START EXTRACTED MATERIAL

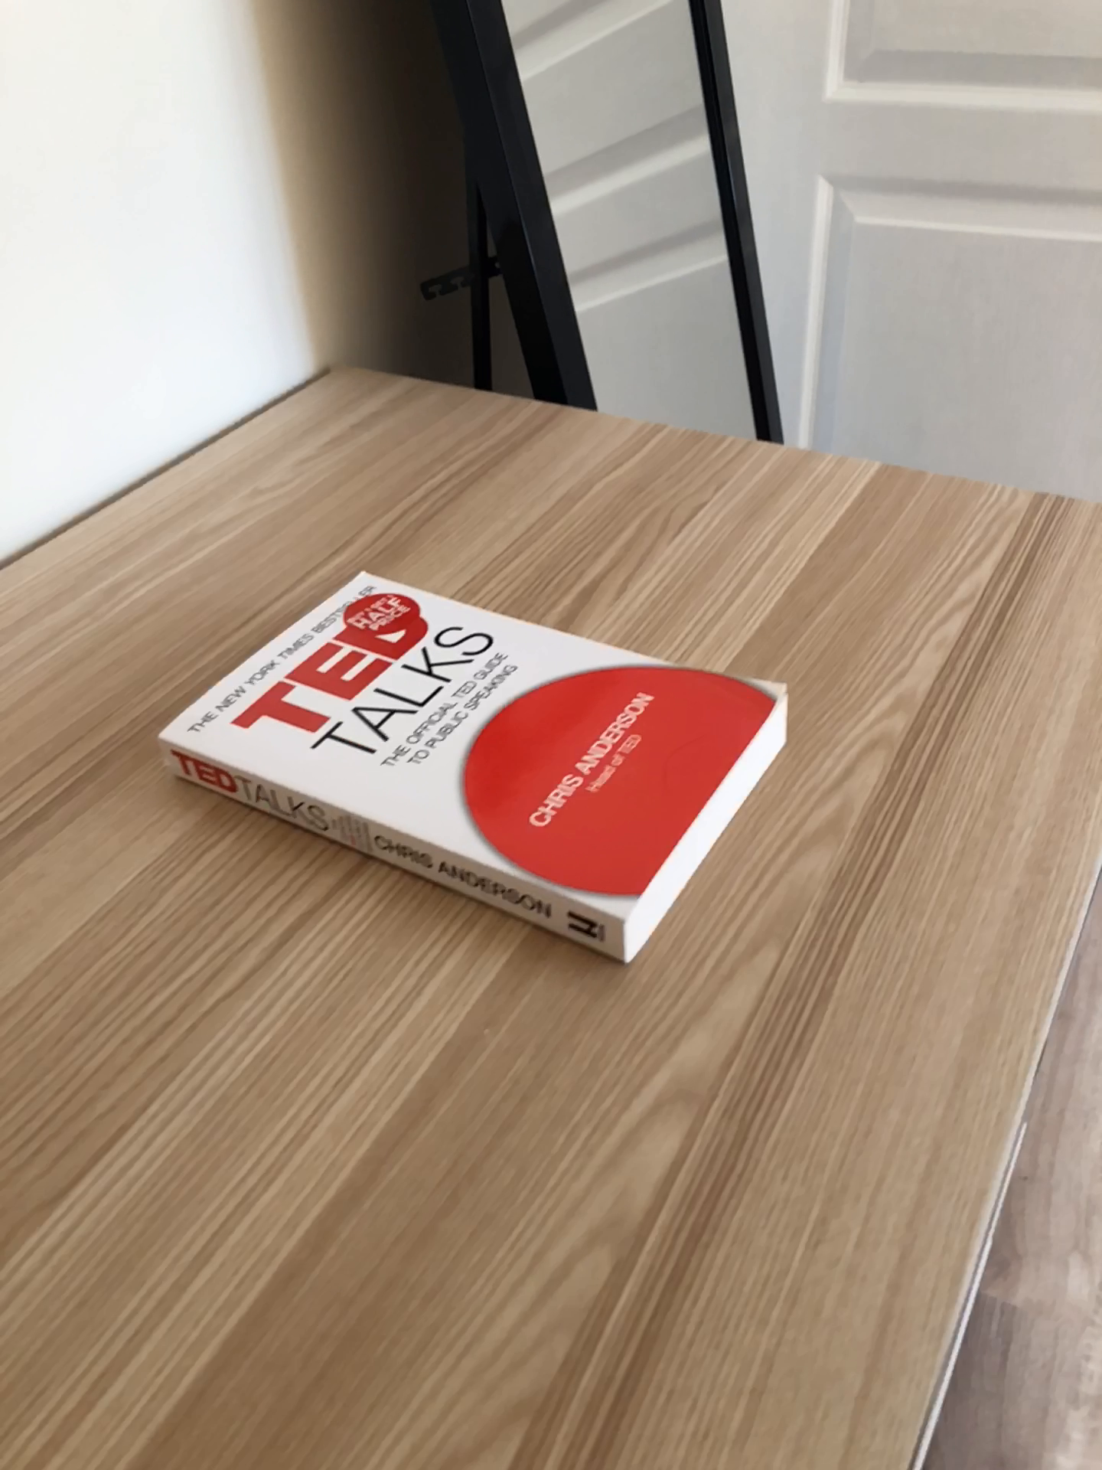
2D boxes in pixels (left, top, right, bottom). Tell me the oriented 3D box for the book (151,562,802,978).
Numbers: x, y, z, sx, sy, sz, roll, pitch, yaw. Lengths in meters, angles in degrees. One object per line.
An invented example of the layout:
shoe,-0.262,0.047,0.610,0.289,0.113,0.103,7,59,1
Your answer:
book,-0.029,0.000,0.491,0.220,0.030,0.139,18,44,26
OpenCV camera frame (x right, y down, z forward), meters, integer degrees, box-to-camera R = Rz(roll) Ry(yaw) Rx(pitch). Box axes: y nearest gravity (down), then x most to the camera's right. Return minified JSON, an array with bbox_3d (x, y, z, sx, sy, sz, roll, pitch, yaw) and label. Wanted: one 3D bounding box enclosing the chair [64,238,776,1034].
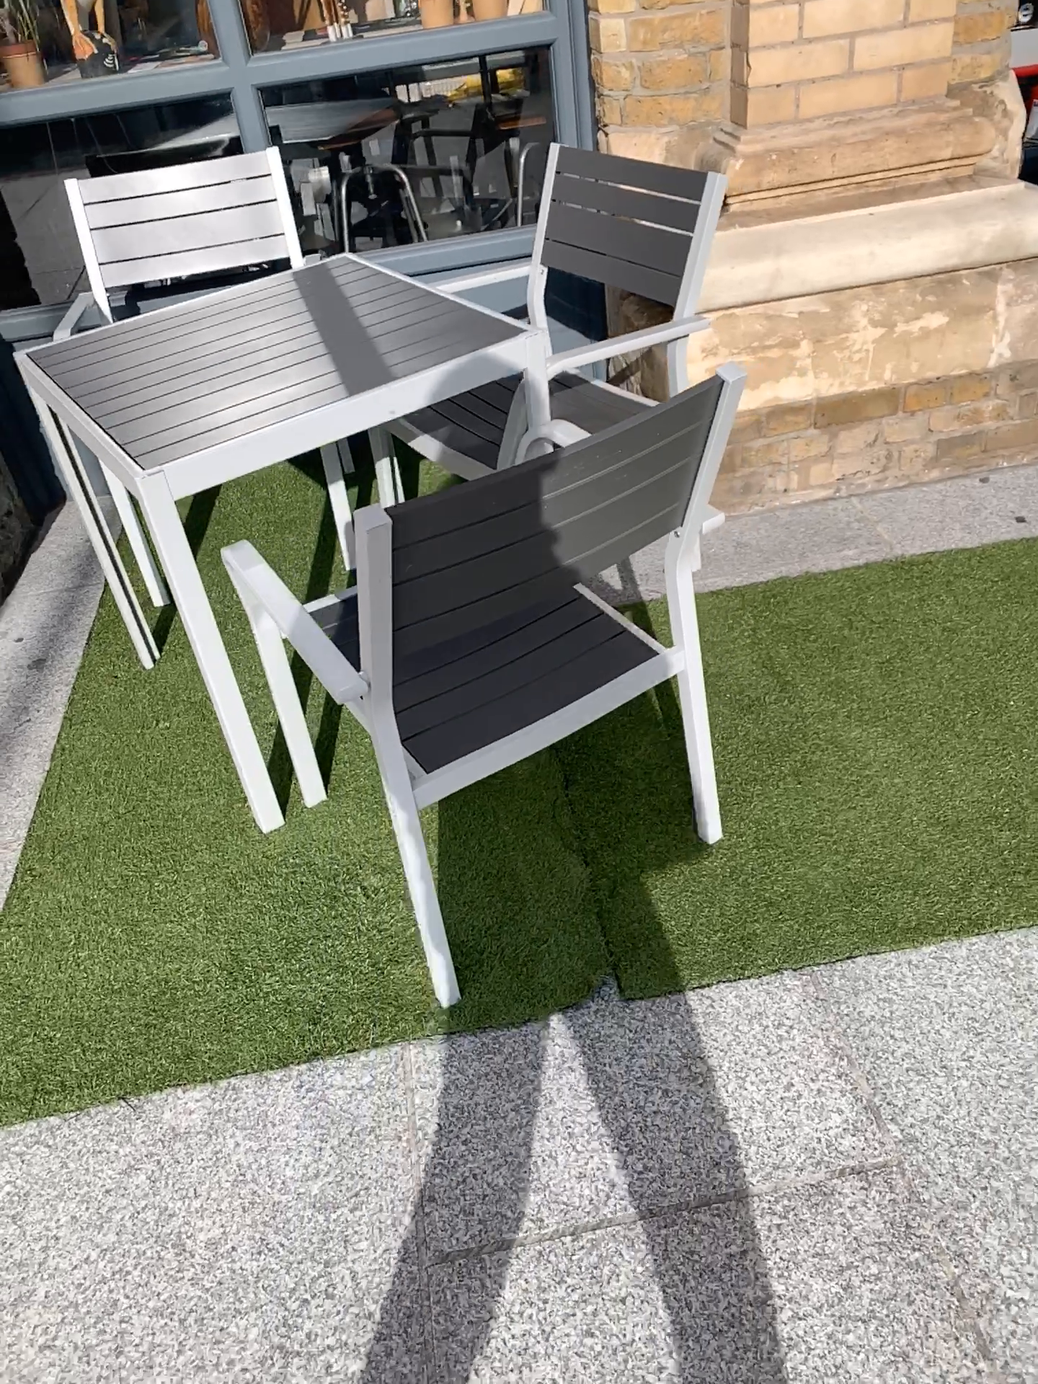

END EXTRACTED MATERIAL

Print every line of the data exactly. Pictures do not belong in the copy.

2D boxes in pixels (left, top, right, bottom). Tell me the oriented 3D box for the book (151,562,802,978).
Numbers: x, y, z, sx, sy, sz, roll, pitch, yaw. Lengths in meters, angles in degrees. One object per line.
An invented example of the layout:
shoe,-0.262,0.047,0.610,0.289,0.113,0.103,7,59,1
Your answer:
book,-0.029,0.000,0.491,0.220,0.030,0.139,18,44,26
OpenCV camera frame (x right, y down, z forward), meters, integer degrees, box-to-camera R = Rz(roll) Ry(yaw) Rx(pitch). Box axes: y nearest gravity (down), then x most to the camera's right. Return minified JSON, an array with bbox_3d (x, y, z, sx, sy, sz, roll, pitch, yaw) and label. Wanted: one 3D bounding box enclosing the chair [64,238,776,1034].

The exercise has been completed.